Activación del cuádriceps en la prensa de piernas

Quad Engagement on the Leg Press

Si no haces sentadillas, la prensa de piernas es una buena alternativa para desarrollar tus cuádriceps.

Qué es la prensa de piernas La prensa de piernas consiste en empujar una plataforma con peso con los pies mientras estás sentado en un asiento deslizante que se mueve a lo largo de una pista inclinada. Dependiendo de dónde coloques los pies, la prensa de piernas puede trabajar diferentes músculos de la parte inferior del cuerpo. En esta guía, veremos cómo involucrar tus cuádriceps en la prensa de piernas para obtener una mayor activación y crecimiento.

Anatomía de los cuádriceps

Los cuádriceps son 4 músculos en la parte frontal del muslo:

  1. Recto femoral: Va desde la cadera hasta la rótula.
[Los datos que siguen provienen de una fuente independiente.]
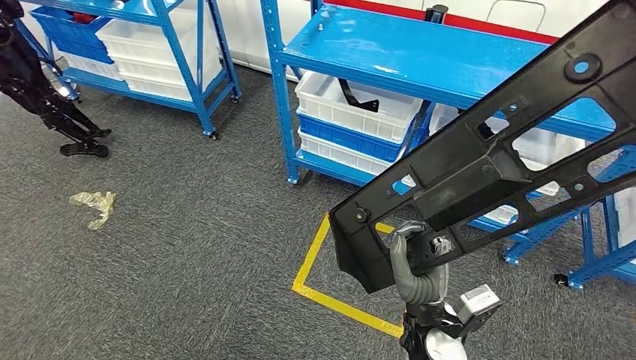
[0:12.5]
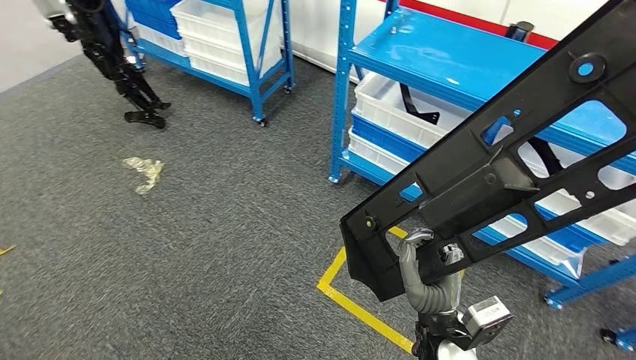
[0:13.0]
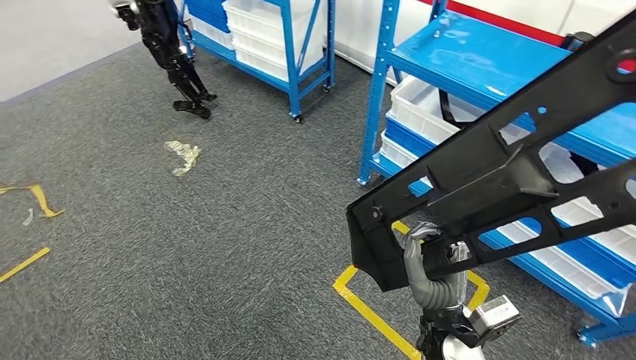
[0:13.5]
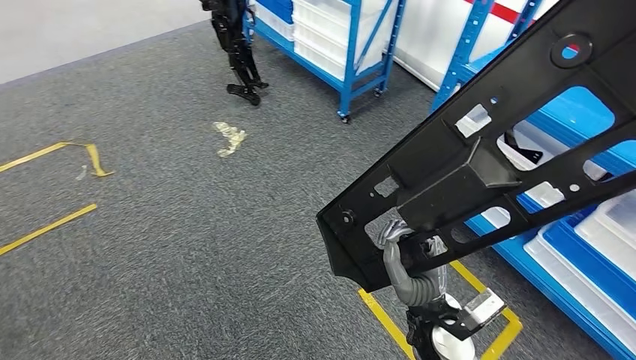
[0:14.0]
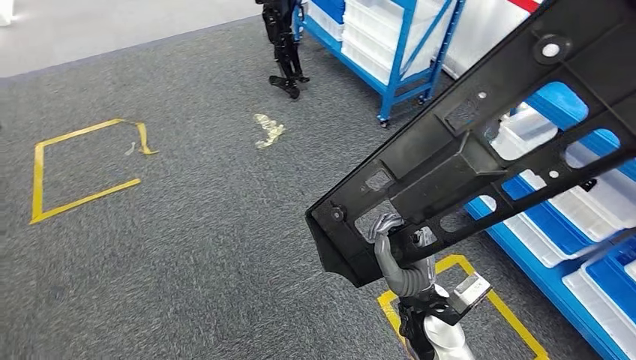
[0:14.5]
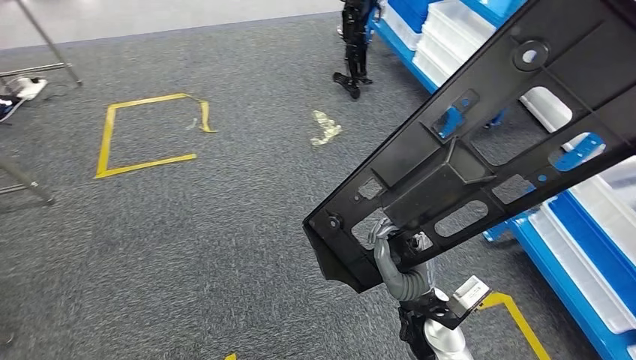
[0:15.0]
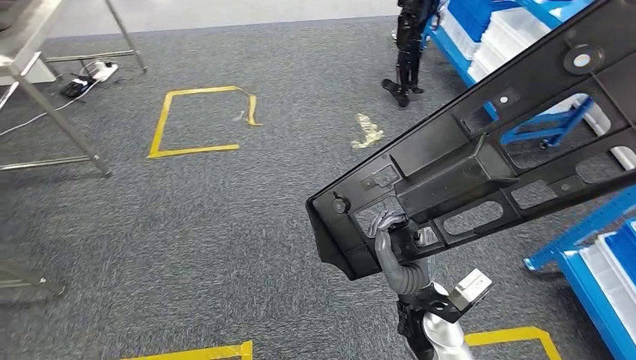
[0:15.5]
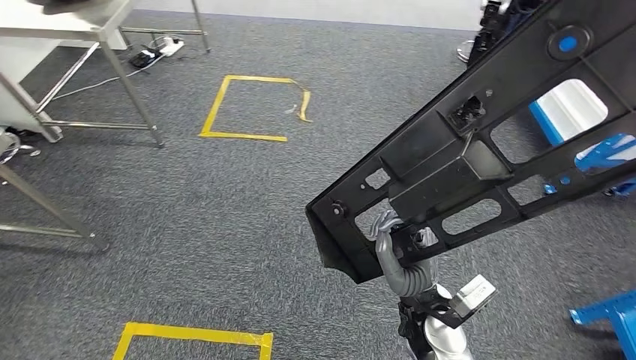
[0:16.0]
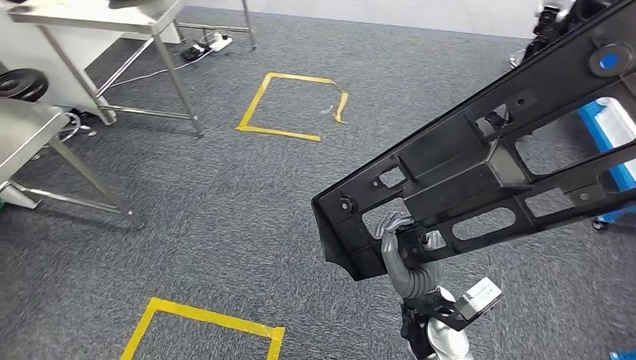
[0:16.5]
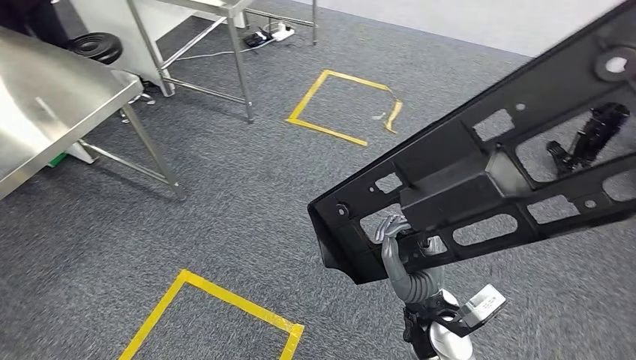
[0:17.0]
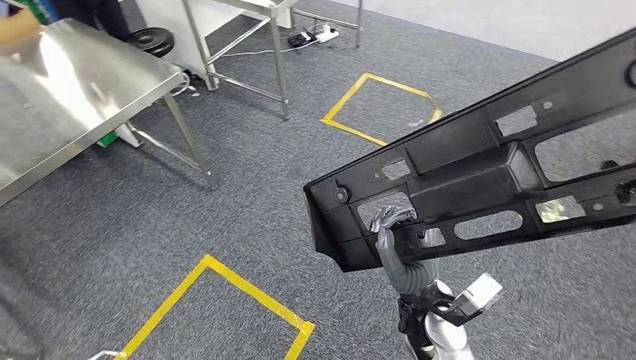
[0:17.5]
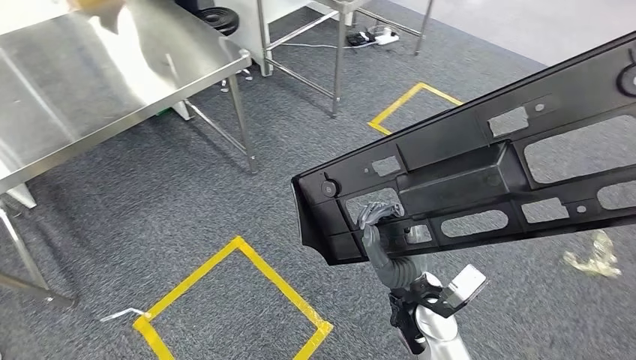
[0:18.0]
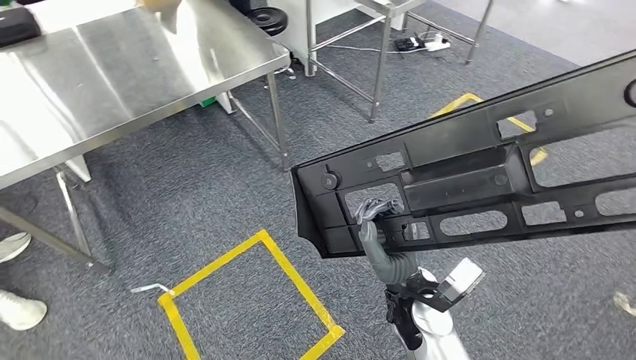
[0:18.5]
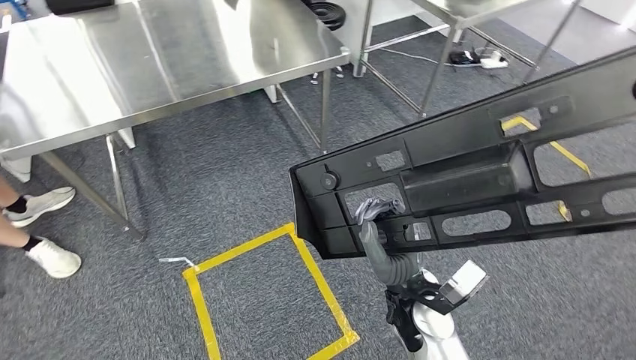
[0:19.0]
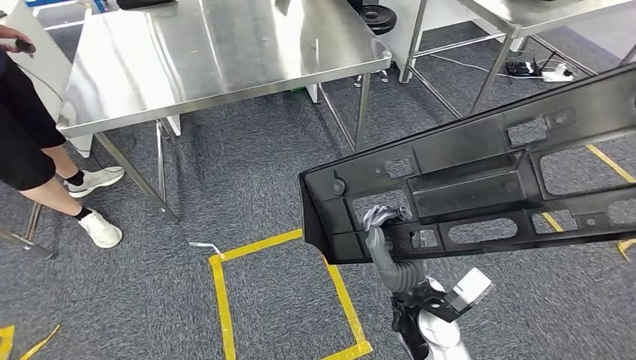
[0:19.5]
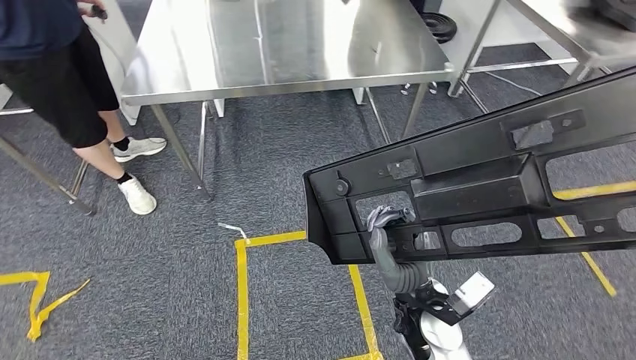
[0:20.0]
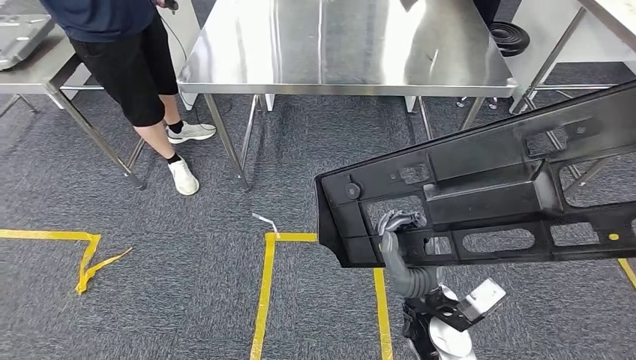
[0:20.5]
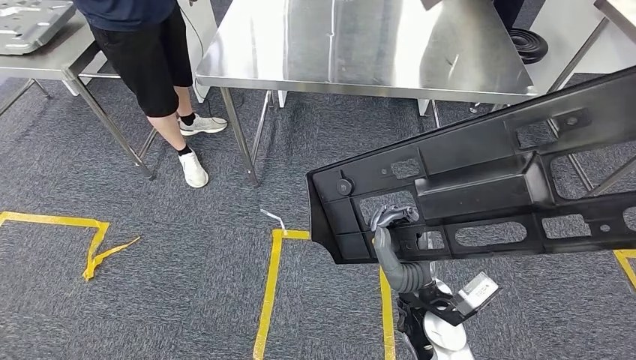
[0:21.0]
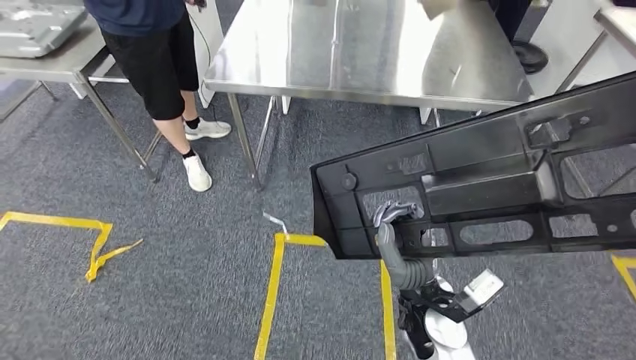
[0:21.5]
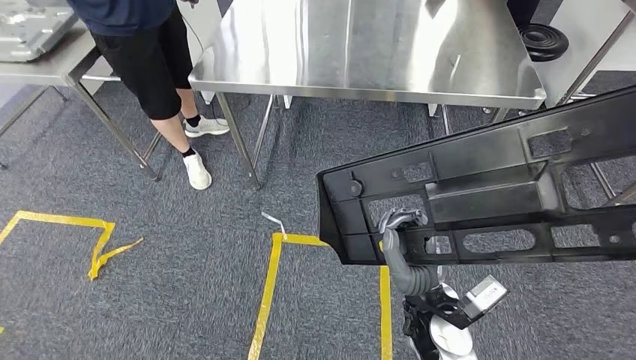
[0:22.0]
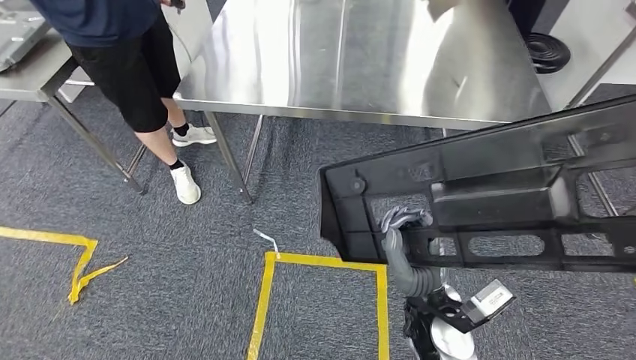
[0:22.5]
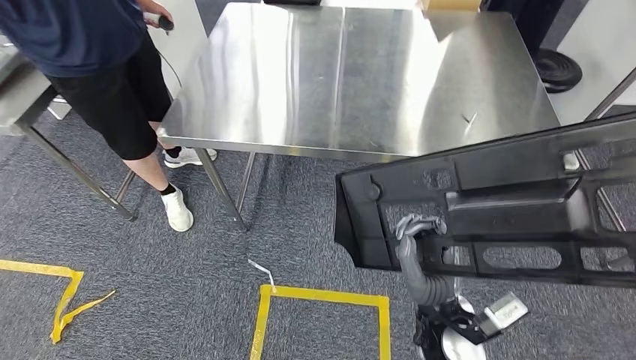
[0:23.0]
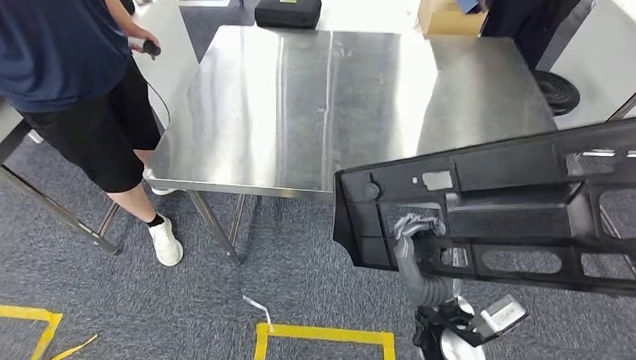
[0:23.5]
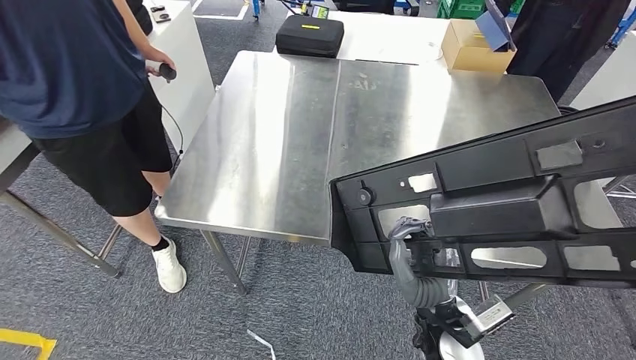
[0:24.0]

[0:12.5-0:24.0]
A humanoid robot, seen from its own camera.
Step, 0:12.5 to 0:22.5: Move the large material to the front of the workbench.

  2. Vasto lateral: Corre a lo largo de la parte exterior del muslo.

  3. Vasto medial: En la parte interior del muslo.

  4. Vasto intermedio: Debajo del recto femoral.

Principalmente, los cuádriceps extienden la rodilla, estiran la pierna. También ayudan a flexionar la cadera, acercando el muslo al cuerpo.

Activación de los cuádriceps en la prensa de piernas

Los cuádriceps se activan en la prensa de piernas, pero el nivel de activación varía con la colocación de los pies en la plataforma.

Generalmente, los cuádriceps son los principales músculos que extienden la rodilla en la prensa de piernas. A medida que empujas el peso, tus cuádriceps se contraen para estirar la pierna. Pero no todos los músculos de los cuádriceps se activan por igual. El recto femoral, que también ayuda con la flexión de la cadera, está menos activo ya que la cadera ya está flexionada al comienzo del movimiento.

Cómo activar los cuádriceps: consejos y trucos

  1. Colocación más baja de los pies: Colocar los pies más abajo en la plataforma aumenta la flexión de la rodilla y disminuye la flexión de la cadera, lo que enfatiza más los cuádriceps y menos los glúteos e isquiotibiales.

  2. Postura estrecha: Acercar los pies entre sí trabaja los cuádriceps externos, especialmente el vasto lateral. Una postura más estrecha también reduce la participación de los aductores y abductores y hace que los cuádriceps trabajen más.

  3. Pausa en la parte inferior: Hacer una pausa en la parte inferior de la prensa de piernas elimina el impulso, aumenta el tiempo bajo tensión para tus cuádriceps y la conexión mente-músculo. Este enfoque asegura la máxima contracción de los cuádriceps al empujar hacia arriba.

  4. Añadir bandas de resistencia: Añadir bandas de resistencia aumenta la tensión en la parte superior del movimiento, donde los cuádriceps suelen estar menos activados. La inestabilidad de las bandas también obliga a los cuádriceps a estabilizar las rodillas durante todo el movimiento.

  5. Usar una cuña de sentadillas: Una cuña de sentadillas eleva los talones, lo que aumenta la dorsiflexión del tobillo (acercar los dedos de los pies a las espinillas). Esto te dará un rango de movimiento más profundo y una mayor activación de los cuádriceps al reducir la participación de los gemelos.

Conclusión

La prensa de piernas es una excelente máquina para desarrollar cuádriceps más grandes y fuertes. Ajusta la colocación de tus pies y usa estos consejos para activar tus cuádriceps y hacer que cada repetición cuente. Elige un peso que te desafíe y mantén una forma y control adecuados para sacar el máximo provecho y minimizar el riesgo de lesiones.